The data

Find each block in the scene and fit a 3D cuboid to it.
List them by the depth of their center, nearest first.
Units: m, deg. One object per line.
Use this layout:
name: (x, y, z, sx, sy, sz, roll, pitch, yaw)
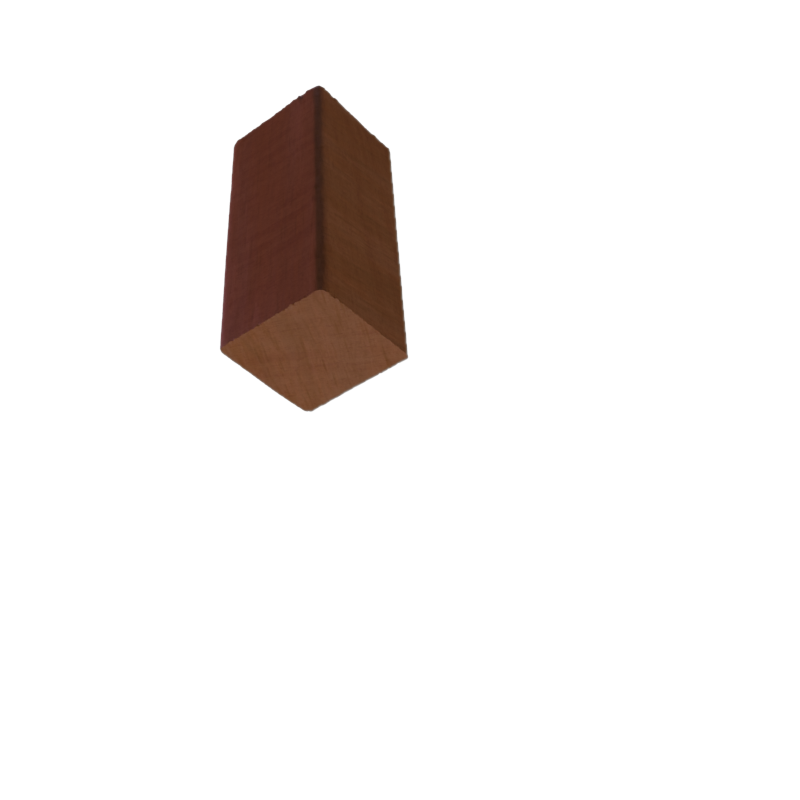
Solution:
block: (-0.062, -0.111, 0.779, 0.090, 0.221, 0.084, -30, -48, 27)
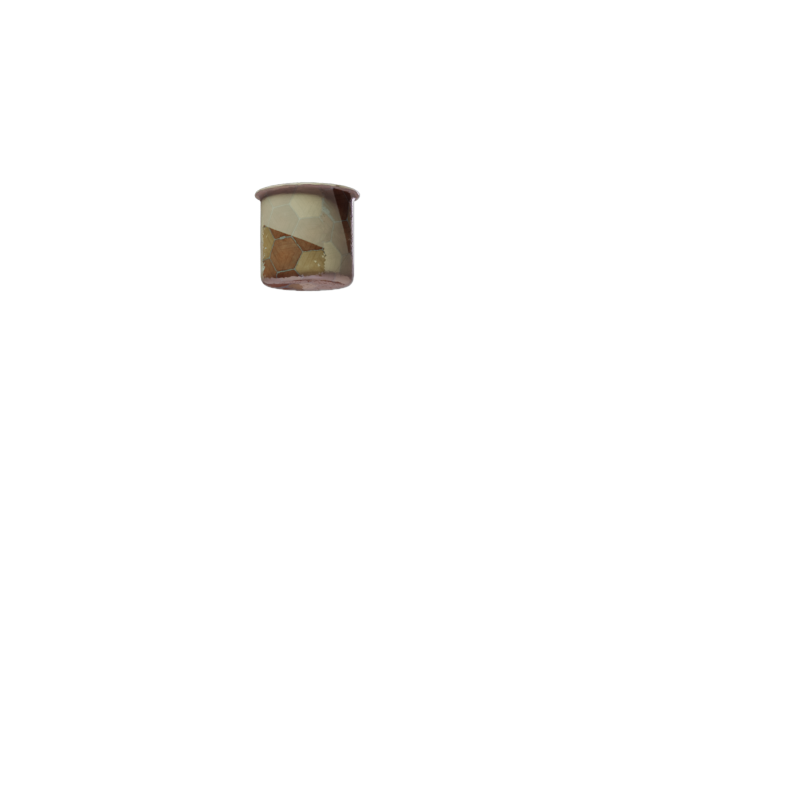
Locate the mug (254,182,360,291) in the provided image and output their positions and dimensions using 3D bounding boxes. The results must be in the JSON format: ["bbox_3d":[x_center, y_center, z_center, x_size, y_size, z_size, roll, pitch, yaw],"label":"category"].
[{"bbox_3d":[-0.077,-0.140,0.979,0.096,0.083,0.112,-3,-6,23],"label":"mug"}]
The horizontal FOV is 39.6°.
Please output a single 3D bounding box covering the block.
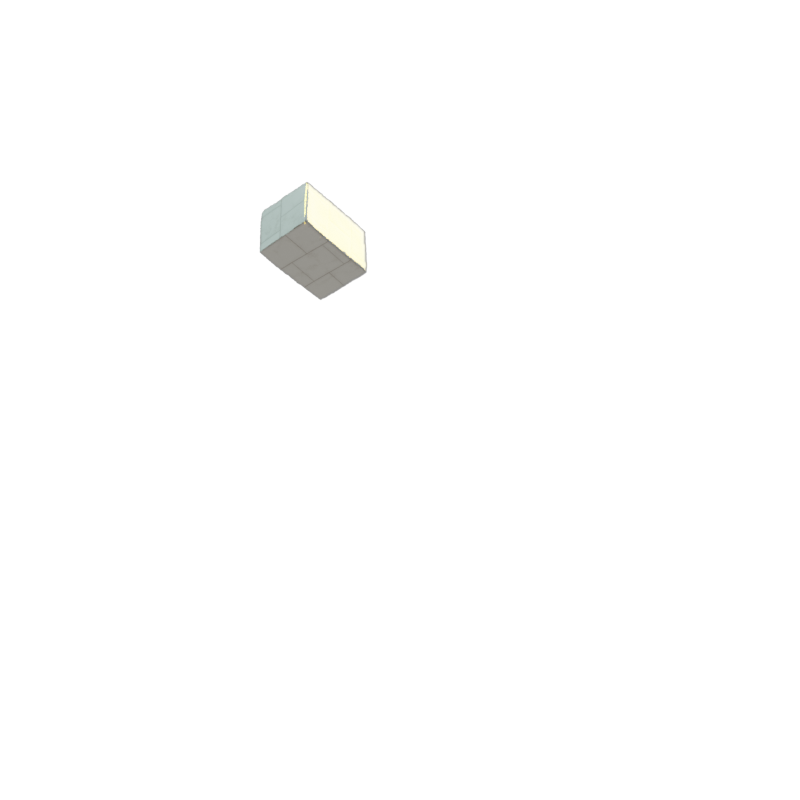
[{"bbox_3d":[-0.072,-0.131,0.916,0.052,0.055,0.073,-30,-50,27],"label":"block"}]
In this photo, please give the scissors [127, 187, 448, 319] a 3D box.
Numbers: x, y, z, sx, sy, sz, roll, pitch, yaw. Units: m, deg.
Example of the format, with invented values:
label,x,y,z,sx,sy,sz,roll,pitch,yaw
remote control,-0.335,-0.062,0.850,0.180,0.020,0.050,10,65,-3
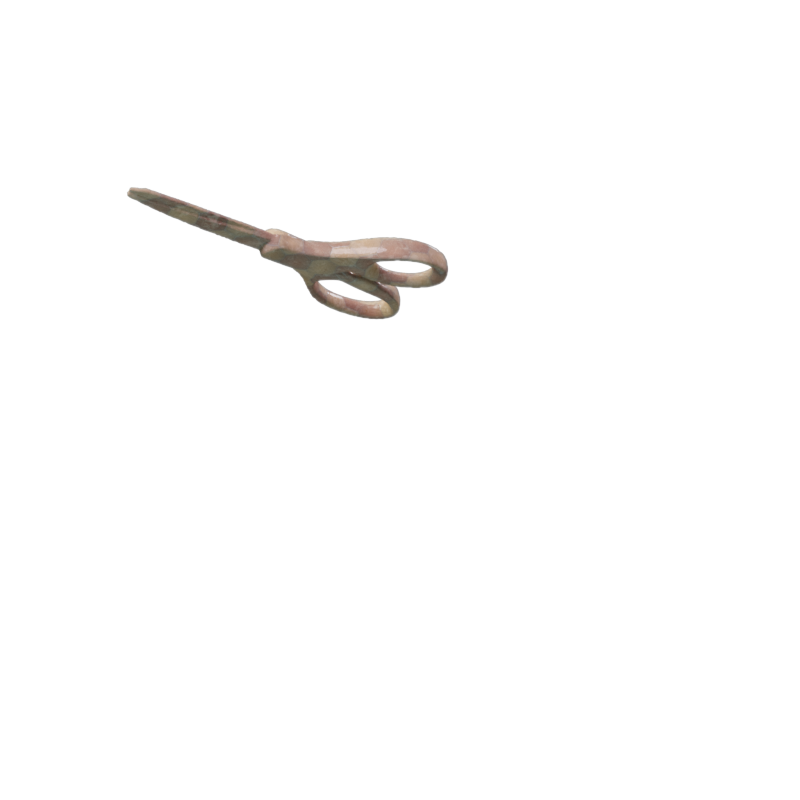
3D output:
label,x,y,z,sx,sy,sz,roll,pitch,yaw
scissors,-0.049,-0.089,0.623,0.098,0.017,0.188,-14,-26,32
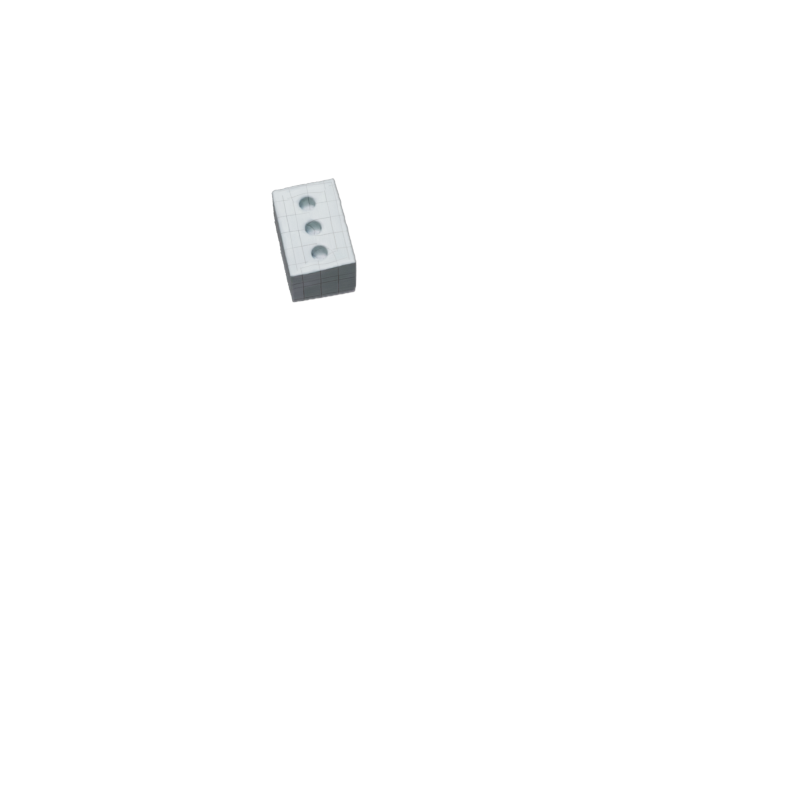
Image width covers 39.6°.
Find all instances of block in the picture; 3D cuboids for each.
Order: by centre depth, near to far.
[{"bbox_3d":[-0.068,-0.125,0.874,0.052,0.083,0.049,-12,-23,-7],"label":"block"}]
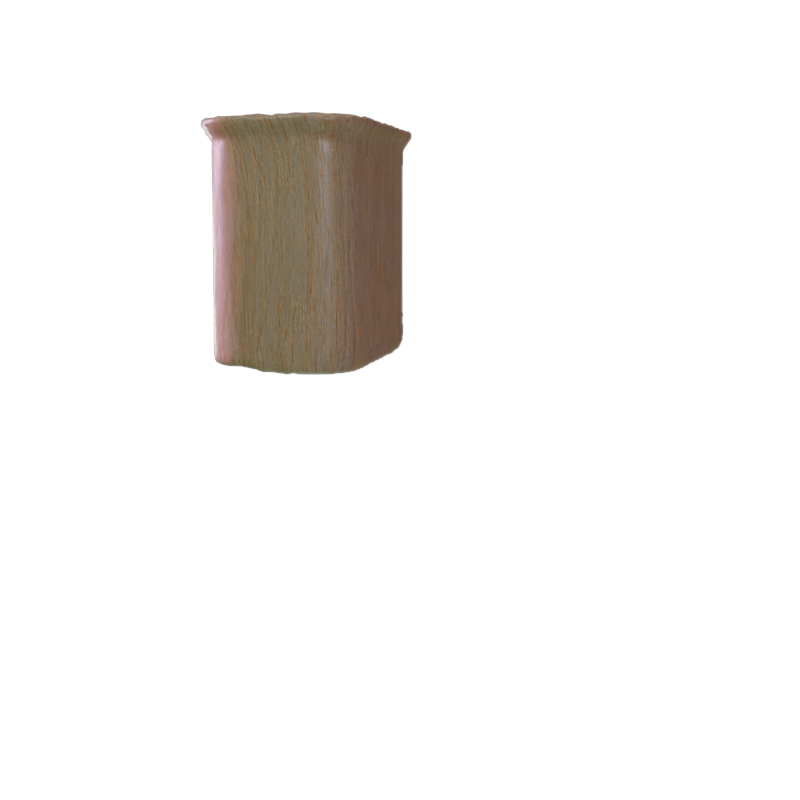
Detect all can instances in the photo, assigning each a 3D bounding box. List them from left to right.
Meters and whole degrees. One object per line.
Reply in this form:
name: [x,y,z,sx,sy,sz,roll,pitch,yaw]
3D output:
can: [-0.031,-0.057,0.400,0.059,0.083,0.101,1,6,14]

Required work
Search the listing for the word "name", and copy every line in which it is found.

Response for this exercise
name: (x, y, z, sx, sy, sz, roll, pitch, yaw)
name: [x,y,z,sx,sy,sz,roll,pitch,yaw]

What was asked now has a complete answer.